--- Data for review Enclosed Below ---

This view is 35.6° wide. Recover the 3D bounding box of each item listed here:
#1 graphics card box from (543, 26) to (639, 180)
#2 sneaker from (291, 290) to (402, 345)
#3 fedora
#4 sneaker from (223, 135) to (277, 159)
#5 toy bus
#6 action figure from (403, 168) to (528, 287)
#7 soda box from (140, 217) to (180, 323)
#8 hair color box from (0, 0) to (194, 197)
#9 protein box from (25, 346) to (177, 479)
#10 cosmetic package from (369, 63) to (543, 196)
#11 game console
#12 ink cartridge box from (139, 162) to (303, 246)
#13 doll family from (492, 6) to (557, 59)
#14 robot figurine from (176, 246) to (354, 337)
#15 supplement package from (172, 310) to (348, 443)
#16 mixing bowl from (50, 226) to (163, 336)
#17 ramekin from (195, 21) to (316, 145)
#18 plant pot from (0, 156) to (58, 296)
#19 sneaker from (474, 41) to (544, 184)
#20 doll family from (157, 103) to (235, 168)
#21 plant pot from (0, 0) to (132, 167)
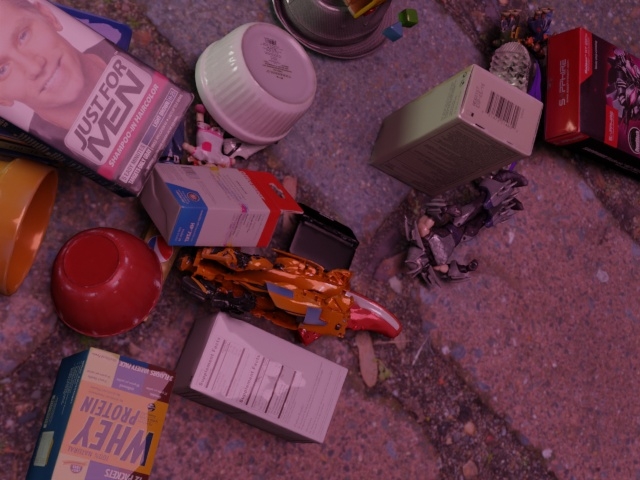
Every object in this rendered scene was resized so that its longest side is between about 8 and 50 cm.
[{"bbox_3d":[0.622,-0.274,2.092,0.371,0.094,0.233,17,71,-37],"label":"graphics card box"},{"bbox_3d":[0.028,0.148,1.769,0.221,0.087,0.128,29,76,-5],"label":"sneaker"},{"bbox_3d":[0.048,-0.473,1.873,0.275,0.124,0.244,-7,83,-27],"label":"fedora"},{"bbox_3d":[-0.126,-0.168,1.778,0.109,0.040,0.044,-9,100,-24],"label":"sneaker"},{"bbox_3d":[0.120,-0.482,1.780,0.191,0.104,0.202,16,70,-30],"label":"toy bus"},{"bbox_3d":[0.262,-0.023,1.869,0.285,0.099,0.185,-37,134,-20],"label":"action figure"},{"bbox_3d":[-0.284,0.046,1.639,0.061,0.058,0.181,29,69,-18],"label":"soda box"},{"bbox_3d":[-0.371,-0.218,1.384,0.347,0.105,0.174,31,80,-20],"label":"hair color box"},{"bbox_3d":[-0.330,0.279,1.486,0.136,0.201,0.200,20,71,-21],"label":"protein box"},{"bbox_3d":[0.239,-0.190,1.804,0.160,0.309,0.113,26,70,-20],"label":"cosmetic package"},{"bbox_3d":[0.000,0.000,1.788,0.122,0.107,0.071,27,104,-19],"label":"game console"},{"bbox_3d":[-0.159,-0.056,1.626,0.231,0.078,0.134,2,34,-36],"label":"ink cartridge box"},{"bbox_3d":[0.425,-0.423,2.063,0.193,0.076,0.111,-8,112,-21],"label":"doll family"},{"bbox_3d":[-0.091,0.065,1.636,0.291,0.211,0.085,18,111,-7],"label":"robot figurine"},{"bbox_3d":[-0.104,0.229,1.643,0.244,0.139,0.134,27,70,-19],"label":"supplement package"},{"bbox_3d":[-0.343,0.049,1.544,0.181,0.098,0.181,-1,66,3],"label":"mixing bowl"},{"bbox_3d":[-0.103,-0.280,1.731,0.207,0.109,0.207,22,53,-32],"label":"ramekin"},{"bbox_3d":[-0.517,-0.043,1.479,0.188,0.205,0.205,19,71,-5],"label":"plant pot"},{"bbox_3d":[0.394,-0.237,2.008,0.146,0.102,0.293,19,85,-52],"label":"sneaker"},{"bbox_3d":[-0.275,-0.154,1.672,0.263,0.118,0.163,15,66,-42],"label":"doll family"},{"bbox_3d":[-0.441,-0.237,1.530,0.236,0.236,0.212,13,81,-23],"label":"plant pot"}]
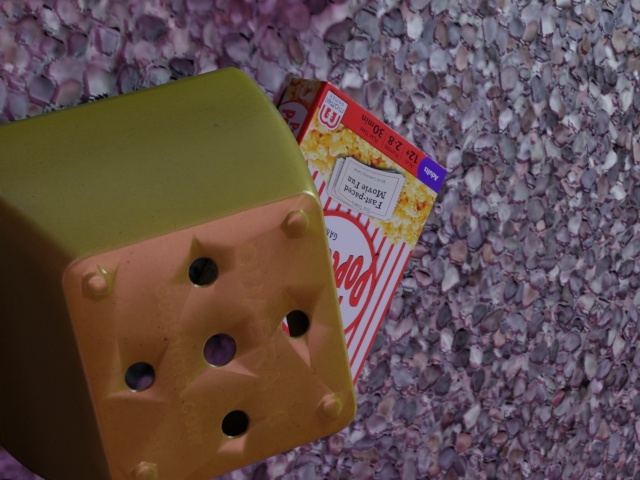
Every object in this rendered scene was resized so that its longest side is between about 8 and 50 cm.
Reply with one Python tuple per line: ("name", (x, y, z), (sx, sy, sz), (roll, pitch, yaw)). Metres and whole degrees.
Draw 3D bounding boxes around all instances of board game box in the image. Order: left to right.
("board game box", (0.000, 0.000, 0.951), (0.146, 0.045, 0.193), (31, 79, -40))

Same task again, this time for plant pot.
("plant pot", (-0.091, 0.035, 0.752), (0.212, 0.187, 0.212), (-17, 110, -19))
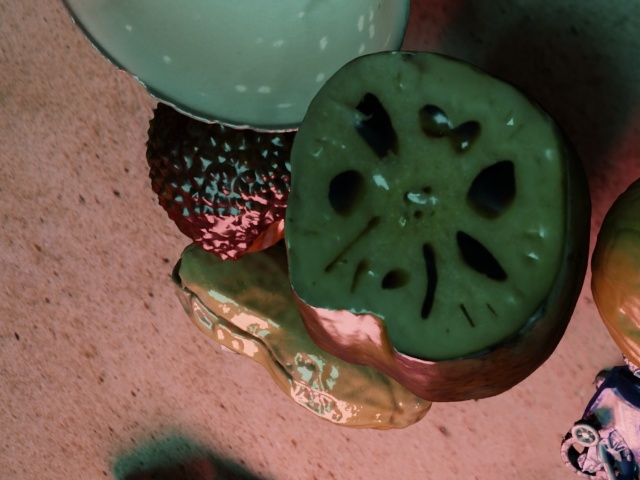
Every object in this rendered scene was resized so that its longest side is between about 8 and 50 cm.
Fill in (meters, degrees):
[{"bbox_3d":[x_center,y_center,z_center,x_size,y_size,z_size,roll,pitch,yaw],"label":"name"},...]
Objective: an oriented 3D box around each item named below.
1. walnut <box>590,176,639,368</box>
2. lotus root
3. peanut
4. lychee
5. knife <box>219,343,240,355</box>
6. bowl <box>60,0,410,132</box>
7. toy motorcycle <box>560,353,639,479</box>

--- End of Enclosed Data for review ---

▸ Assignment
The reply should consist solely of the lines above from the one that has "#4 sneaker from (223, 135) to (277, 159)" through the one that has "#14 robot figurine", reproduced exactly.

▸ Solution to this exercise
#4 sneaker from (223, 135) to (277, 159)
#5 toy bus
#6 action figure from (403, 168) to (528, 287)
#7 soda box from (140, 217) to (180, 323)
#8 hair color box from (0, 0) to (194, 197)
#9 protein box from (25, 346) to (177, 479)
#10 cosmetic package from (369, 63) to (543, 196)
#11 game console
#12 ink cartridge box from (139, 162) to (303, 246)
#13 doll family from (492, 6) to (557, 59)
#14 robot figurine from (176, 246) to (354, 337)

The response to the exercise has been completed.